Roca Rey o los argumentos del cura de Villalpando

«Exhibición de dominio a pesar de encontrarse medio inconsciente»

Roca Rey sale por la puerta grande tras cortar las dos orejas al sexto de la tarde tras el noveno festejo de la Feria de San Isidro, en la Monumental de Las Ventas, en Madrid./Efe
Roca Rey sale por la puerta grande tras cortar las dos orejas al sexto de la tarde tras el noveno festejo de la Feria de San Isidro, en la Monumental de Las Ventas, en Madrid. / Efe
Gonzalo Santonja
GONZALO SANTONJAValladolid

Repuesto en un santiamén de una cogida fea en el saludo con el capote a la espalda de un sobrero del Conde de Mayalde, toros mitad segovianos, mitad toledanos, Roca Rey se plantó en los medios y haciendo de tripas corazón se afirmó rotundamente en el sitio de privilegio que con empaque y con los argumentos doctrinales del famoso cura de Villalpando, a la limeña redivivos en Las Ventas el pasado miércoles, se tiene mucho más que sobradamente ganado. Permítaseme recordarlos en el román paladino del refranero: «Los cojones del cura de Villalpando,/ cuatro bueyes los llevan, y van sudando».

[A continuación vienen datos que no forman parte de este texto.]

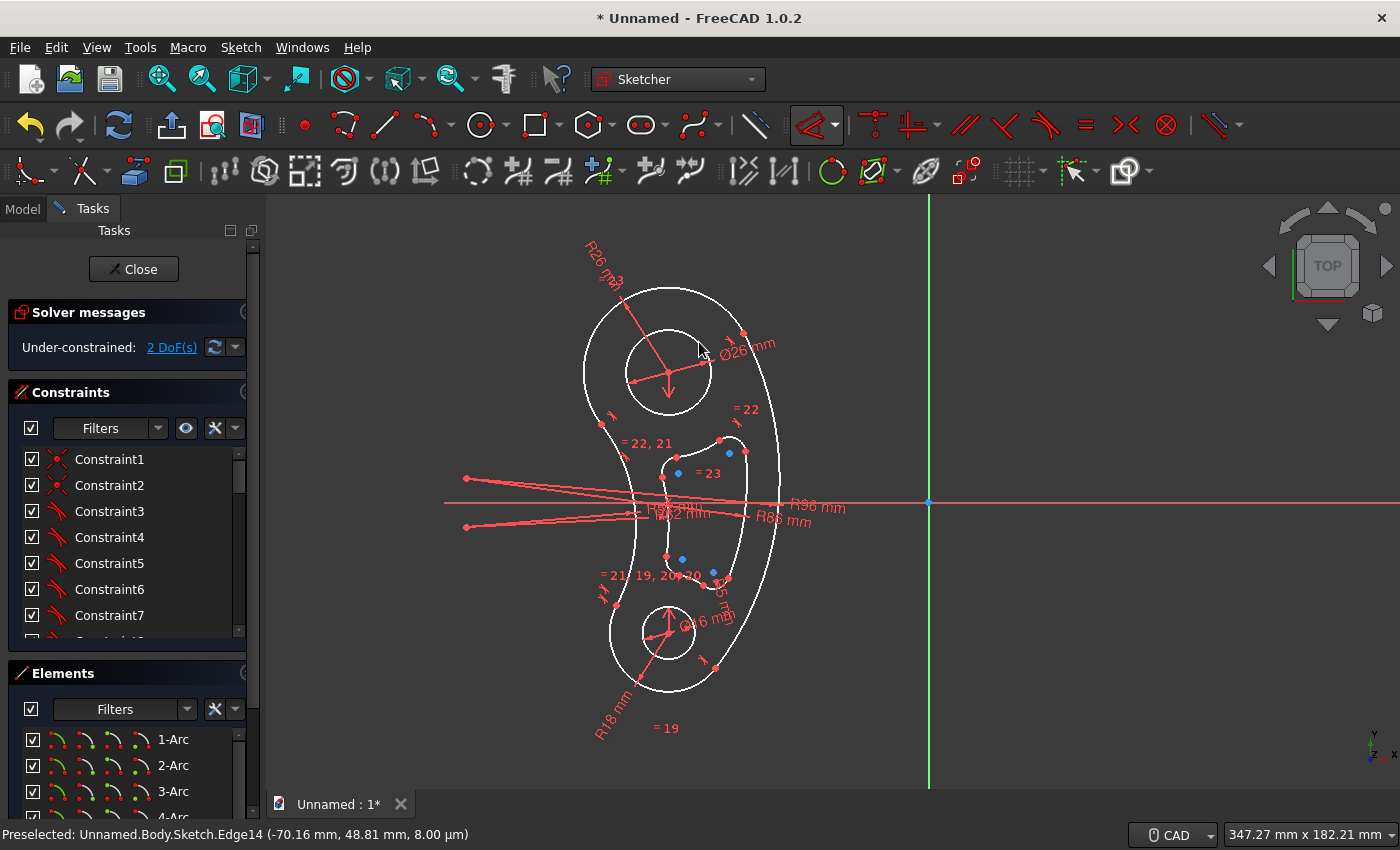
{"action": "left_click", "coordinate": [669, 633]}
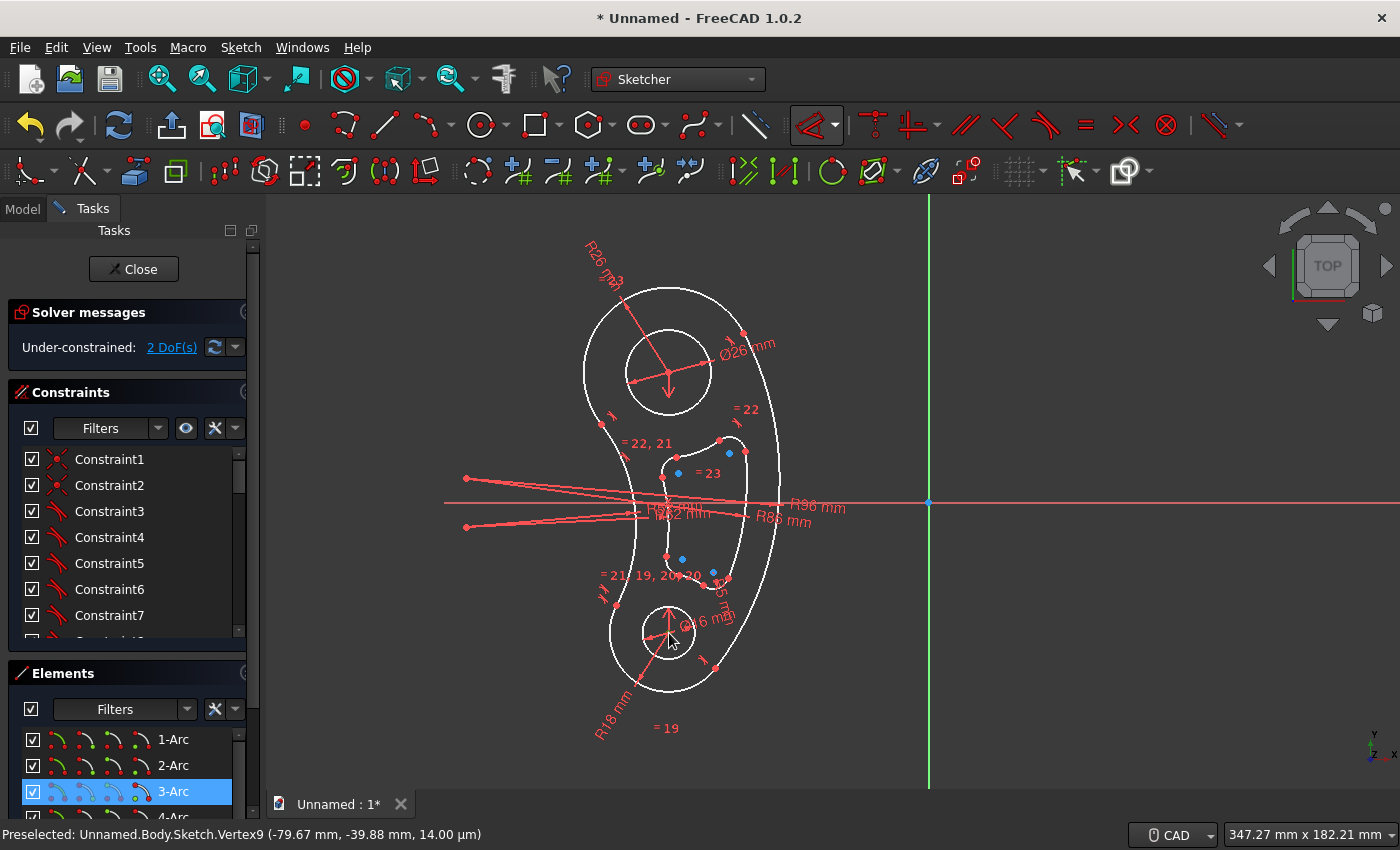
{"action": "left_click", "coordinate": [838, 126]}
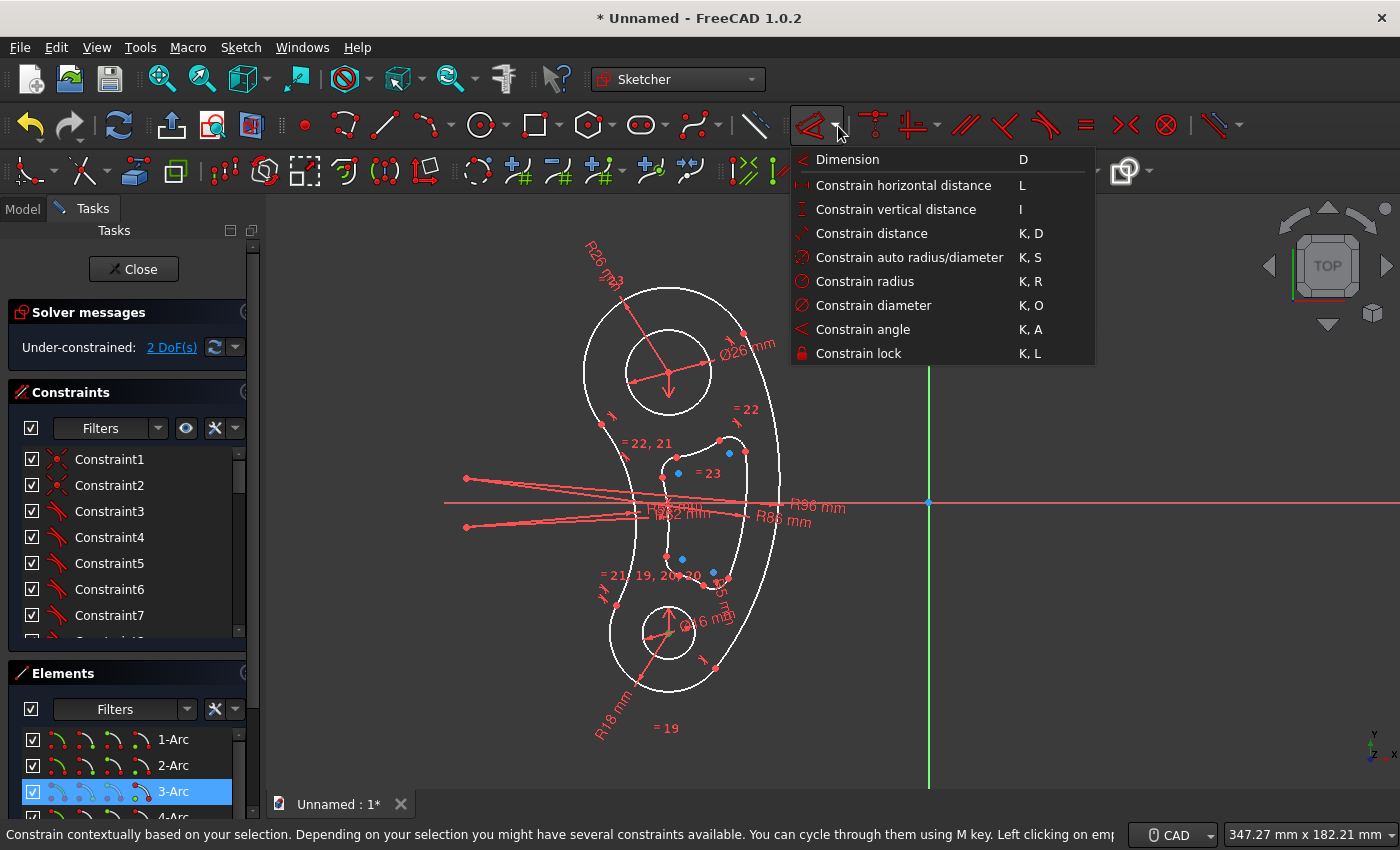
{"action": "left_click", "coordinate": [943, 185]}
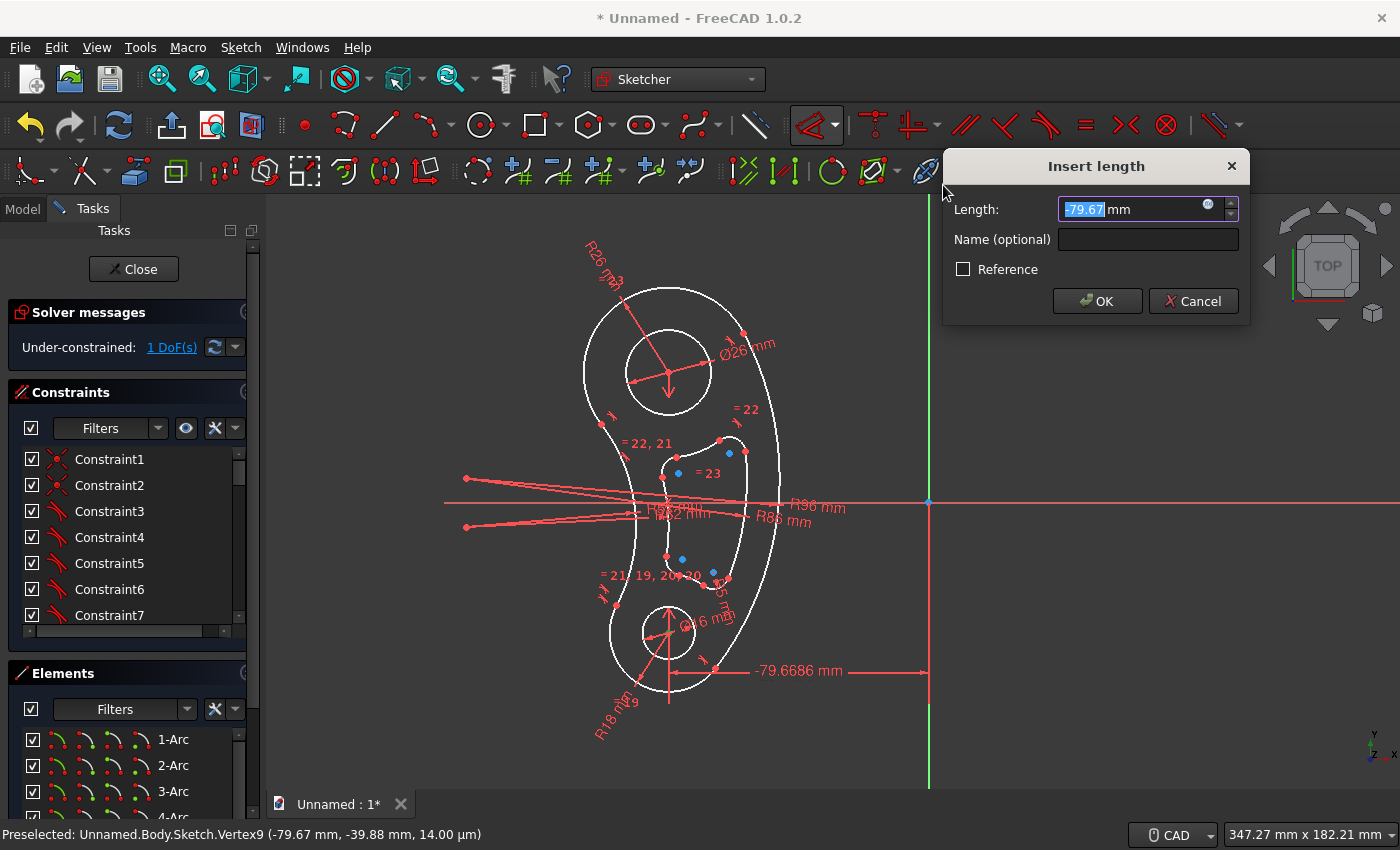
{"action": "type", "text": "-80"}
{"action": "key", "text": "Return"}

Estatuarios de escalofrío, indiferente el diestro a la embestida irregular y cruzada de un animal áspero, derechazos ajenos a sus derrotes y naturales indiferentes a sus tarascadas. Exhibición de dominio a pesar de encontrarse medio inconsciente. Que el toro no humillaba, que no humillase. Que levantaba la cara, pues buenas tardes. Que la soltaba, que la soltase. Faena larga, antes de entrar a espadas sonó el aviso. Y cuando se obró el milagro de que Roca Rey pasará por su propio pie a la enfermería sobre la plaza, se extendió el pesar de que allí se quedaba. Porque llevaba un puntazo que, a pesar de su impavidez, parecía de consideración.

Sin embargo, le cosieron –se dice pronto: le cosieron– y regresó a la cara de 'Maderero', el último de la tarde, un parladé negro listón de 565 kilos y a pocos meses de los seis años, acapachado de pitones, rajadito en el capote, aventado en el caballo y a por uvas en banderillas, al cual, contra todo pronóstico, metió de inmediato en la muleta. Por abajo y con categoría. El toro, de justito, pasó a soberbio, demostrando, para decirlo con palabras de Tirso de Molina, que «en nuestro siglo terrible/ lo que parece imposible» a veces hasta sucede.

Veintidós años y segunda puerta grande clamorosa en Las Ventas. Y el próximo día 30 buscará la tercera en una corrida para la que no se encuentran billetes ni por las nubes. Jornada esta de reflexión, constatemos lo obvio: descontados los intransigentes a piñón fijo, que forman parte del paisaje de Las Ventas, Roca Rey gana por mayoría abrumadora. A su estilo, puntería mañana en las urnas.